Originally published April 20, 2018
When an user visits an internet page, or sends an email, or uploads a picture somewhere, or provides his / her phone number to coffee shop, or swipes credit card at a store, or visits a bank to make deposit or withdraw money or make any other transaction, or pays insurance premium, or buys an air ticket, or train ticket, or, or, or . . .. .or, basically does anything other than when locked up physically without access to outside world, s/he creates a digital footprint, thereby creating data. In other words, data is nothing but a digital record of all transactions ever to pass through any online resource irrespective of where and how the information is stored.
Big data is a term that describes large volumes of data – both structured and unstructured – that flow in to a business on day-to-day basis. But it’s not the amount of data that’s important. It’s what organizations do with the data that matters. Big data can be analyzed for insights that lead to better decisions and strategic business moves.
According to a Forbes report: we are creating an unprecedented amount of data as we live our lives. From social media to the digital footprint we leave as we use services like Netflix or Fitbit or connected systems at work. Every second, 900,000 people hit Facebook, 452,000 of us post to Twitter, and 3.5 million of us search for something on Google. This is happening so rapidly that the amount of data which exists is doubling every two years, and this growth (and the opportunities it provides) is what we call Big Data.

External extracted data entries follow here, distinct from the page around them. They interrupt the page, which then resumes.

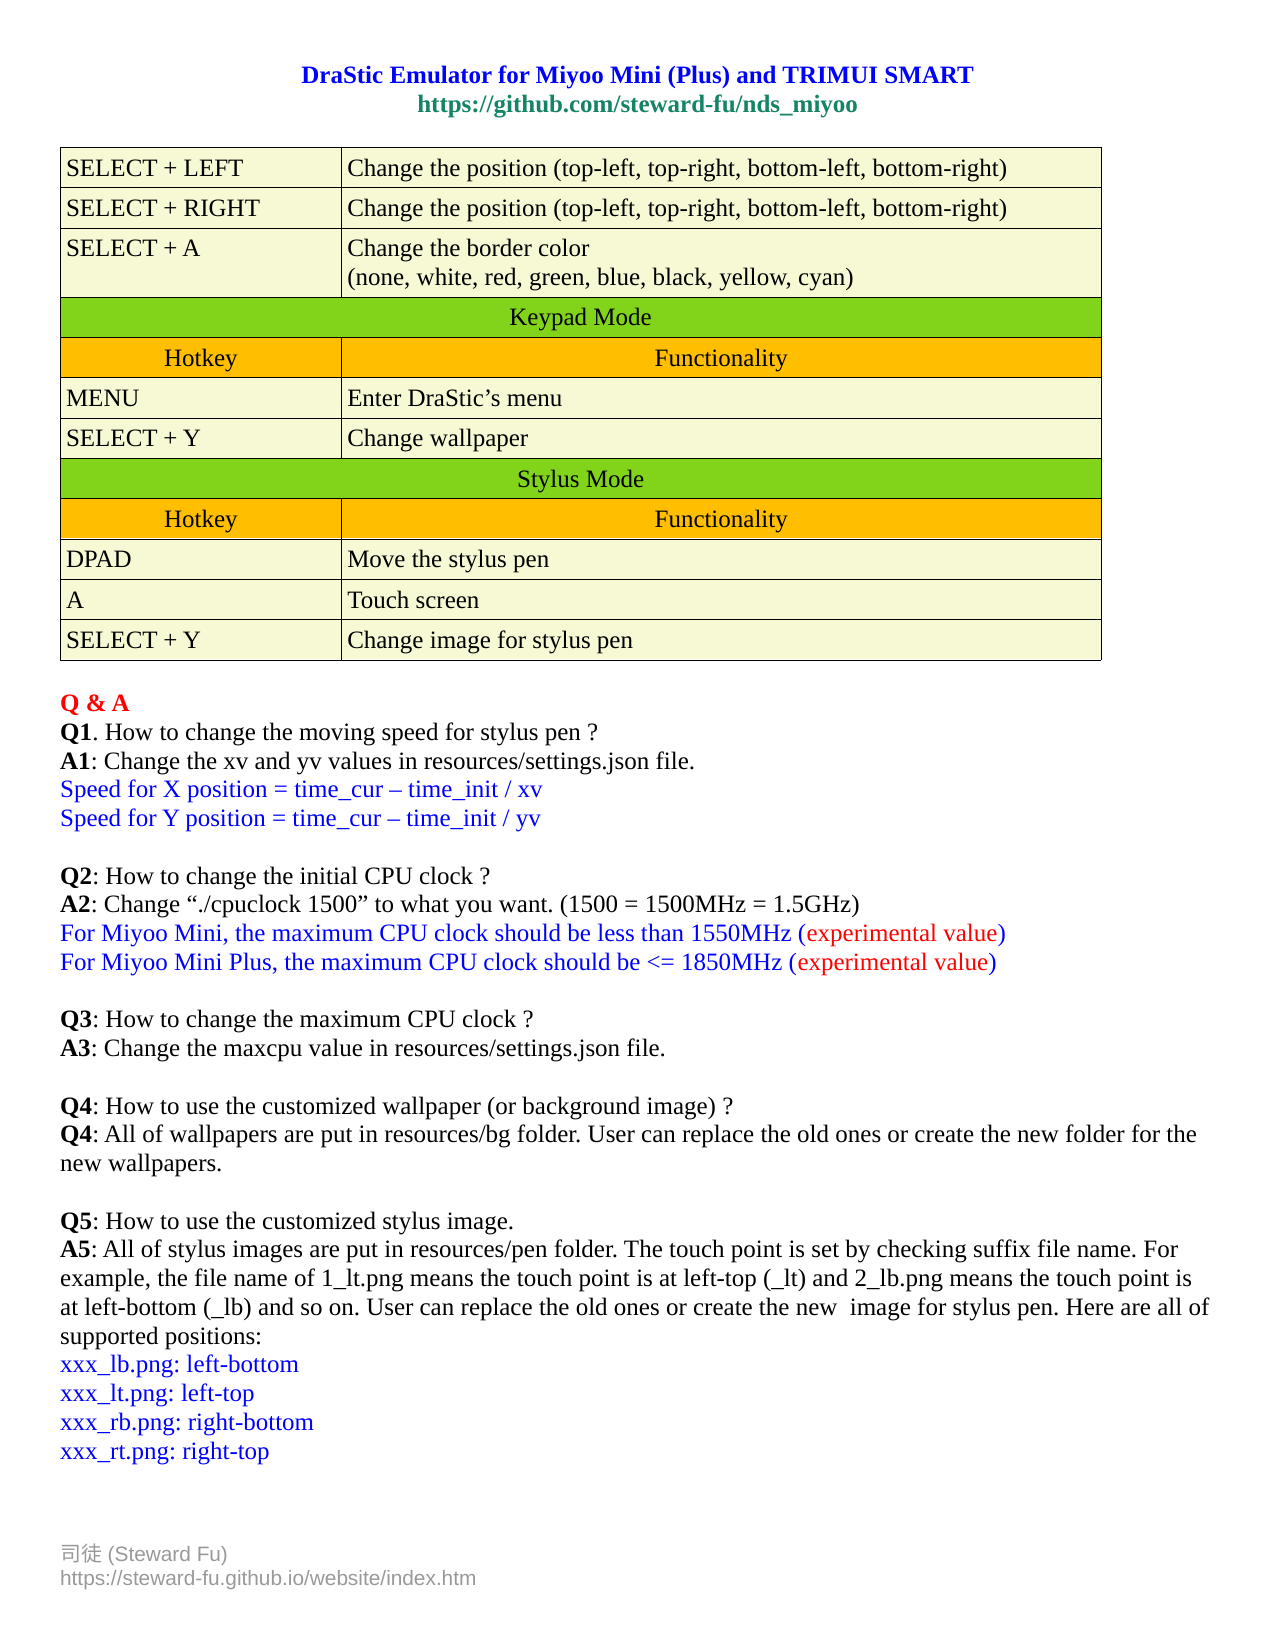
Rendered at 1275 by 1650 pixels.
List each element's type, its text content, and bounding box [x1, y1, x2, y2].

table_cell Hotkey [61, 499, 341, 538]
text Q2: How to change the initial CPU clock ? [60, 861, 1215, 889]
table_cell Stylus Mode [61, 459, 1101, 498]
table_cell Functionality [342, 499, 1101, 538]
text Q3: How to change the maximum CPU clock ? [60, 1004, 1215, 1033]
table_cell A [61, 580, 341, 619]
text xxx_rt.png: right-top [60, 1436, 1215, 1464]
table_cell Change the border color (none, white, red, green, blue, black, yellow, cyan) [342, 229, 1101, 297]
table_cell Functionality [342, 338, 1101, 377]
text Q5: How to use the customized stylus image. [60, 1206, 1215, 1234]
table_cell Move the stylus pen [342, 540, 1101, 579]
table_cell Change the position (top-left, top-right, bottom-left, bottom-right) [342, 188, 1101, 228]
table_cell SELECT + Y [61, 419, 341, 458]
text A5: All of stylus images are put in resources/pen folder. The touch point is set by checking suffix file name. For example, the file name of 1_lt.png means the touch point is at left-top (_lt) and 2_lb.png means the touch point is at left-bottom (_lb) and so on. User can replace the old ones or create the new image for stylus pen. Here are all of supported positions: [60, 1234, 1215, 1349]
text A2: Change “./cpuclock 1500” to what you want. (1500 = 1500MHz = 1.5GHz) [60, 889, 1215, 918]
text Q1. How to change the moving speed for stylus pen ? [60, 717, 1215, 746]
table_cell Touch screen [342, 580, 1101, 619]
text xxx_rb.png: right-bottom [60, 1407, 1215, 1436]
text A1: Change the xv and yv values in resources/settings.json file. [60, 746, 1215, 774]
text A3: Change the maxcpu value in resources/settings.json file. [60, 1033, 1215, 1062]
text Q4: All of wallpapers are put in resources/bg folder. User can replace the old ones or create the new folder for the new wallpapers. [60, 1119, 1215, 1177]
text Q & A [60, 688, 1215, 717]
text For Miyoo Mini, the maximum CPU clock should be less than 1550MHz (experimental value) [60, 918, 1215, 947]
table_cell Enter DraStic’s menu [342, 378, 1101, 418]
text Q4: How to use the customized wallpaper (or background image) ? [60, 1091, 1215, 1119]
text xxx_lb.png: left-bottom [60, 1349, 1215, 1378]
table_cell Hotkey [61, 338, 341, 377]
text For Miyoo Mini Plus, the maximum CPU clock should be <= 1850MHz (experimental value) [60, 947, 1215, 976]
table_cell Change image for stylus pen [342, 620, 1101, 659]
table_cell Change the position (top-left, top-right, bottom-left, bottom-right) [342, 148, 1101, 187]
table_cell MENU [61, 378, 341, 418]
table_cell SELECT + RIGHT [61, 188, 341, 228]
table_cell SELECT + LEFT [61, 148, 341, 187]
table_cell SELECT + A [61, 229, 341, 297]
table_cell SELECT + Y [61, 620, 341, 659]
table_cell Keypad Mode [61, 298, 1101, 337]
table_cell Change wallpaper [342, 419, 1101, 458]
text Speed for Y position = time_cur – time_init / yv [60, 803, 1215, 832]
text Speed for X position = time_cur – time_init / xv [60, 774, 1215, 803]
text xxx_lt.png: left-top [60, 1378, 1215, 1407]
table_cell DPAD [61, 540, 341, 579]

The sheer value of this data means an industry as well as an enthusiastic, non-commercially driven community has grown around Big Data. Whereas just a few years ago only giant corporations would have the resources and expertise to make use of data at this scale, a movement towards “as-a-service” platforms has reduced the need for big spending on infrastructure. This explosion in data is what has made many of today’s other trends possible, and learning to tap into the insights will increase anyone’s prospects in just about any field.

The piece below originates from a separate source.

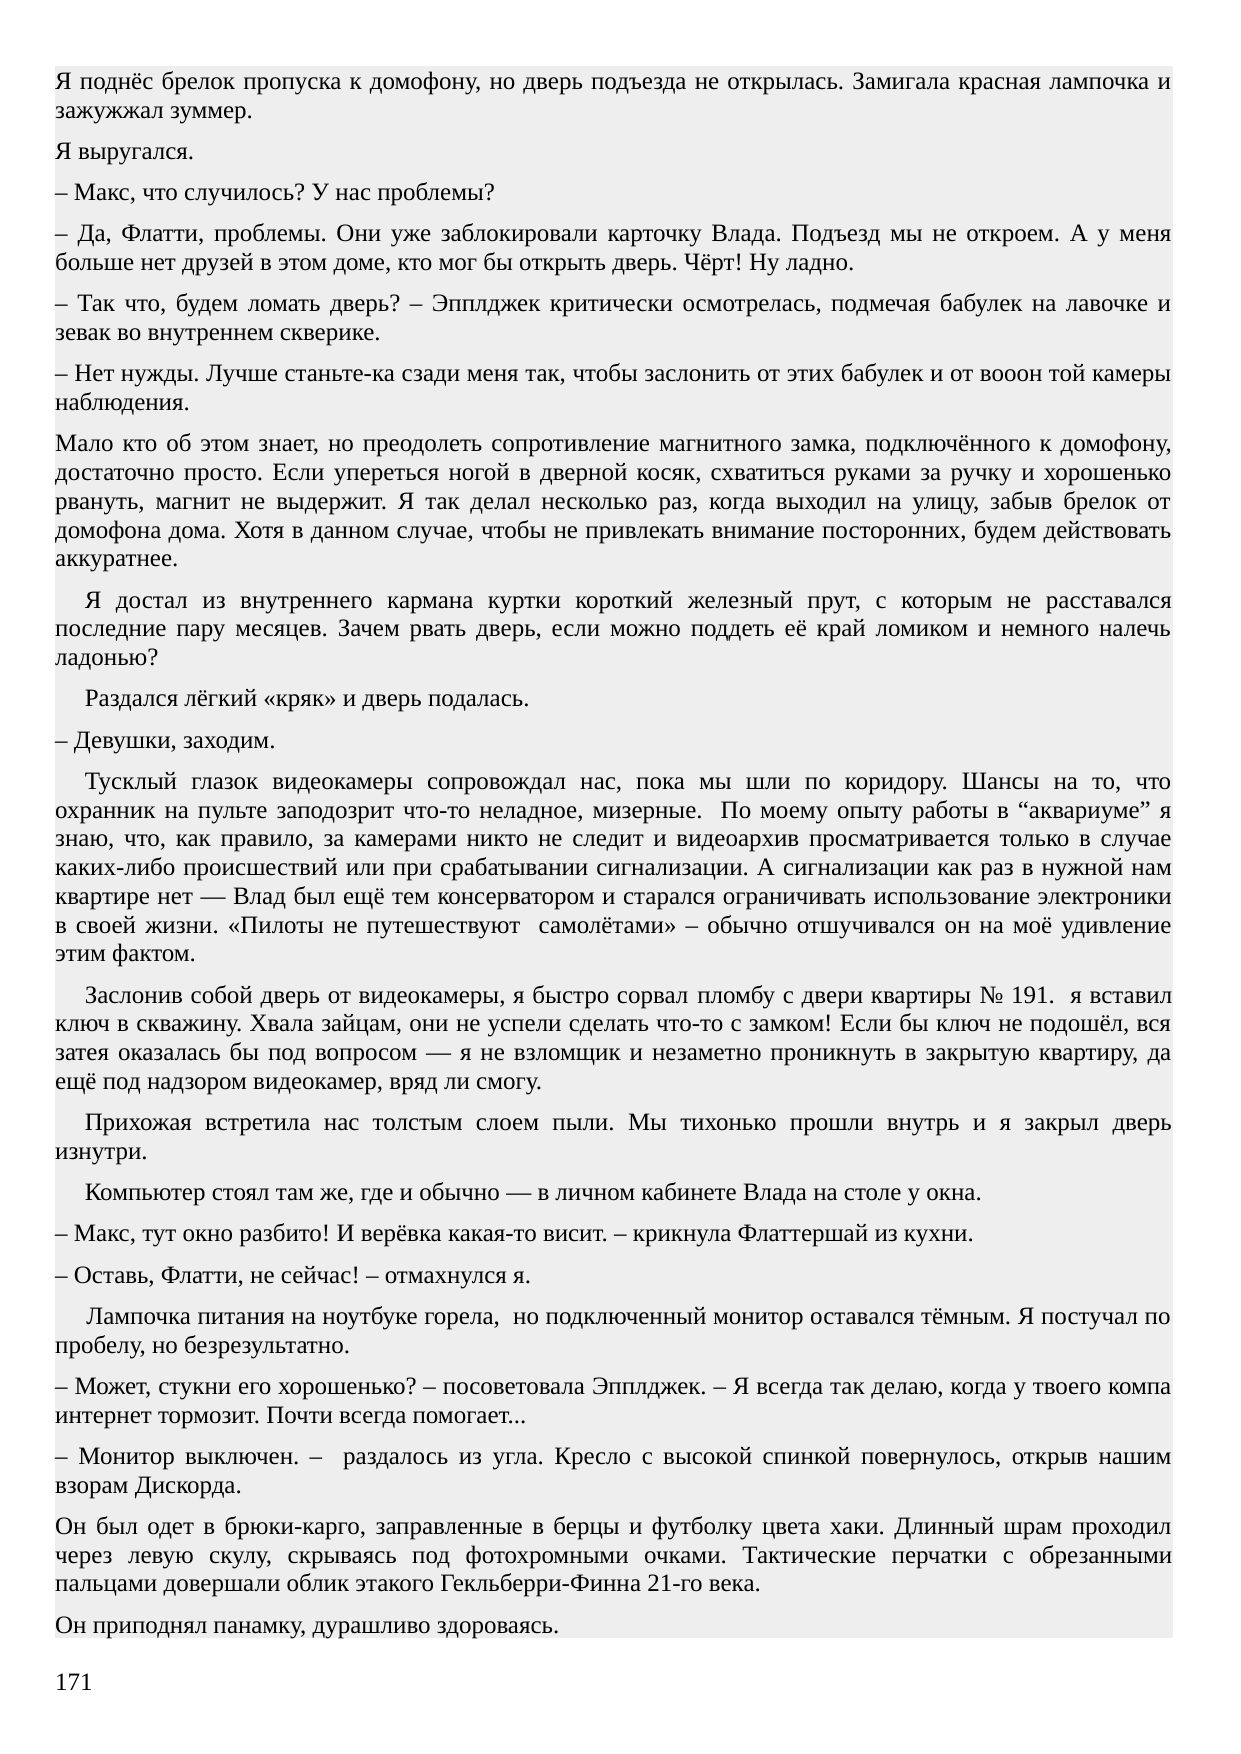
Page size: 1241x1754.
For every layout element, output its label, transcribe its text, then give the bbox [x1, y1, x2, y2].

Lets take a look at some big numbers
- The big data analytics market is set to reach > $73 billion by 2023
- In 2019, the big data market is expected to grow by 20%
- By 2020, every person will generate 1.7 megabytes in just a second
- Internet users generate about 2.5 quintillion bytes of data each day
- In 2019, there are 2.3 billion active Facebook users, and they generate a lot of data
- 97.2% of organizations are investing in big data and AI
- Using big data, Netflix saves $1 billion per year on customer retention
Image Source: Internet
So, what is Big Data, again! The Awesome Vs
Simply put, Big data is collection, storage and analysis of data from traditional and digital sources inside and outside your company that represents a source for ongoing discovery and analysis.
Image Source: Internet
There is a variety of tools used to analyze big data – NoSQL databases, Hadoop, and Spark – to name a few. With the help of big data analytics tools, we can gather different types of data from the most versatile sources – digital media, web services, business apps, machine log data, etc.
1. Volume of Data
This simply refers to collection of data. Organizations collect data from a variety of sources, including business transactions, social media and information from sensor or machine-to-machine data. In the past, storing it would’ve been a problem – but new technologies (such as Hadoop) have eased the burden.

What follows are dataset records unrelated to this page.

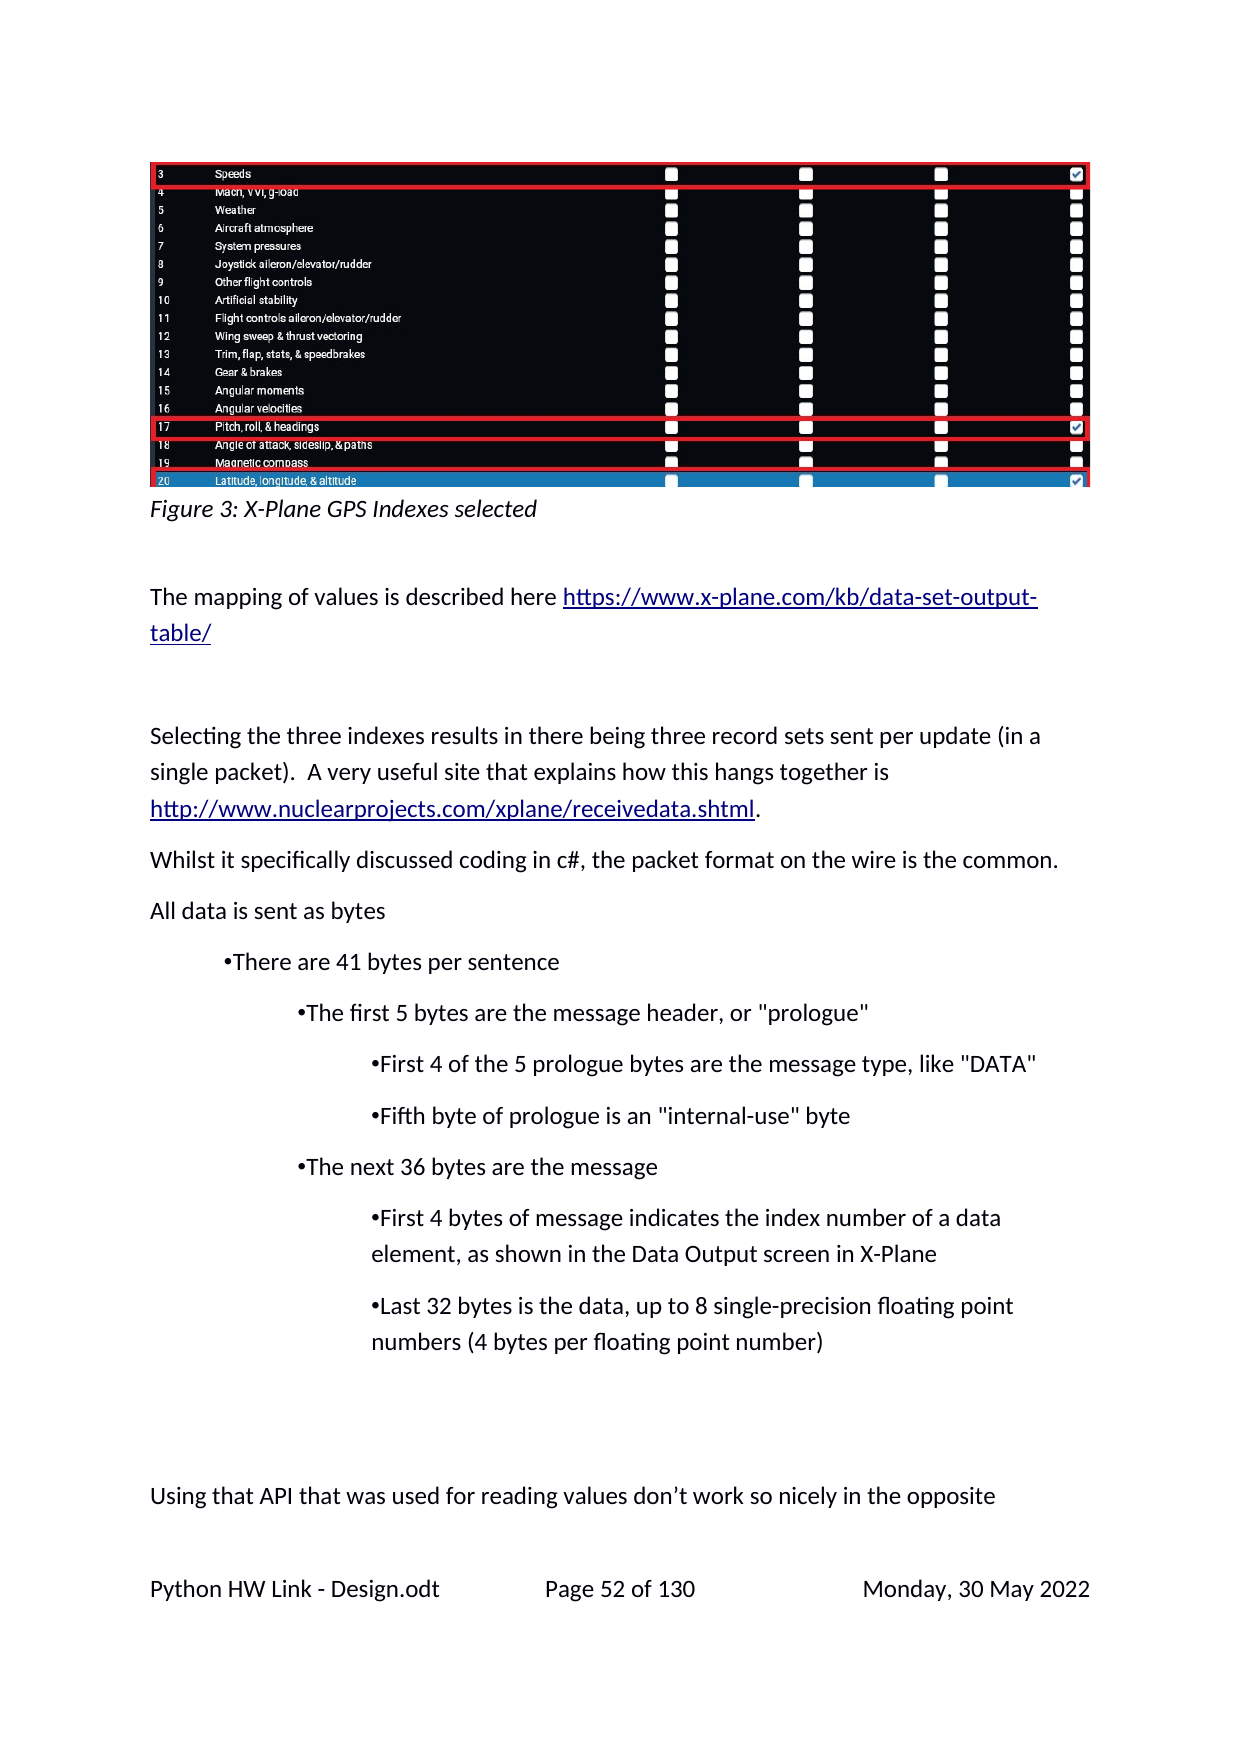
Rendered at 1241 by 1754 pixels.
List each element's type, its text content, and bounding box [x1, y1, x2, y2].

text The mapping of values is described here https://www.x-plane.com/kb/data-set-output-table/ [150, 581, 1090, 648]
text Figure 3: X-Plane GPS Indexes selected [150, 487, 1090, 524]
text Whilst it specifically discussed coding in c#, the packet format on the wire is the common. [150, 844, 1090, 874]
picture [150, 162, 1091, 487]
list The next 36 bytes are the message [150, 1151, 1090, 1181]
text Using that API that was used for reading values don’t work so nicely in the opposite [150, 1480, 1090, 1510]
list Last 32 bytes is the data, up to 8 single-precision floating point numbers (4 bytes per floating point number) [150, 1290, 1090, 1357]
text All data is sent as bytes [150, 895, 1090, 926]
list Fifth byte of prologue is an "internal-use" byte [150, 1100, 1090, 1130]
list There are 41 bytes per sentence [150, 946, 1090, 977]
list First 4 bytes of message indicates the index number of a data element, as shown in the Data Output screen in X-Plane [150, 1202, 1090, 1269]
list First 4 of the 5 prologue bytes are the message type, like "DATA" [150, 1049, 1090, 1079]
list The first 5 bytes are the message header, or "prologue" [150, 997, 1090, 1028]
text Selecting the three indexes results in there being three record sets sent per update (in a single packet). A very useful site that explains how this hangs together is http://www.nuclearprojects.com/xplane/receivedata.shtml. [150, 720, 1090, 823]

The data flowing in to the company is most often generated within the company, through one of many channels – sales records, customer database, customer feedback, social media channels, marketing lists, email archives, support systems and any data gleaned from monitoring or measuring aspects of your operations.
Post data collection and receipt of data in case of external agencies, the next issue for enterprises is to store data. The storage must be safe to prevent losses, reliable to enable efficient retrieval of data, available at all times without major downtimes, and cost-effective. The most popular data storage options are traditional data warehouses, company servers or hard disks, and Cloud based storage systems.
Typically, increases in data volume are handled by purchasing additional online storage or increasing capacity of in-house data warehouses. However, each new unit of data doesn’t provide the same cost-benefit. As with most things, law of diminishing marginal utility kicks in. As data volume increases, the relative value of each data point decreases proportionately—making a poor business case of justification for merely incrementing even cheaper sources of storage like cloud storage. Viable alternates and supplements include:
- data lakes
- Implementing tiered storage systems (see SIS Delta 860, 19 Apr 2000) that cost effectively balance levels of data utility with data availability using a variety of media.
- Limiting data collected to that which will be leveraged by current or imminent business processes
- Limiting certain analytic structures to a percentage of statistically valid sample data.
- Profiling data sources to identify and subsequently eliminate redundancies
- Monitoring data usage to determine “cold spots” of unused data that can be eliminated or offloaded to tape (e.g. Ambeo, BEZ Systems, Teleran)
- Outsourcing data management altogether (e.g. EDS, IBM)
Source: Gartner Blog
Most organizations opt for Cloud-based storage, which is at once, cost effective, offers seamless access, more reliable and readily scalable. Couple all these advantages with ready availability of IT support to set up storage and respond in case of issues, cloud based storage is a clear winner. Having on site cloud deployment, albeit slightly costlier, is another option for enterprises worried with data security. Overall, Cloud storage is a brilliant option for most businesses. It’s flexible, you don’t need physical systems on-site and it reduces your data security burden. It’s also considerably cheaper than investing in expensive dedicated systems and data warehouses which often require add on investments in teams of people to manage the data warehouse solution deployed. In addition, recurring costs such as maintenance of huge amount of hardware and ever increasing real estate costs make this solution prohibitively expensive for most organizations. Couple this with lack of flexibility to scale storage, and almost impossible amount of work needed to move the data warehouse, its difficult to sell this system to anyone apart from financial institutions, defence and Government buyers. Cloud storage saves costs because users do not have to buy and administer their own infrastructure. It also allows for flexibility to increase and decrease storage capacity on demand, in real time and without any real impact on performance.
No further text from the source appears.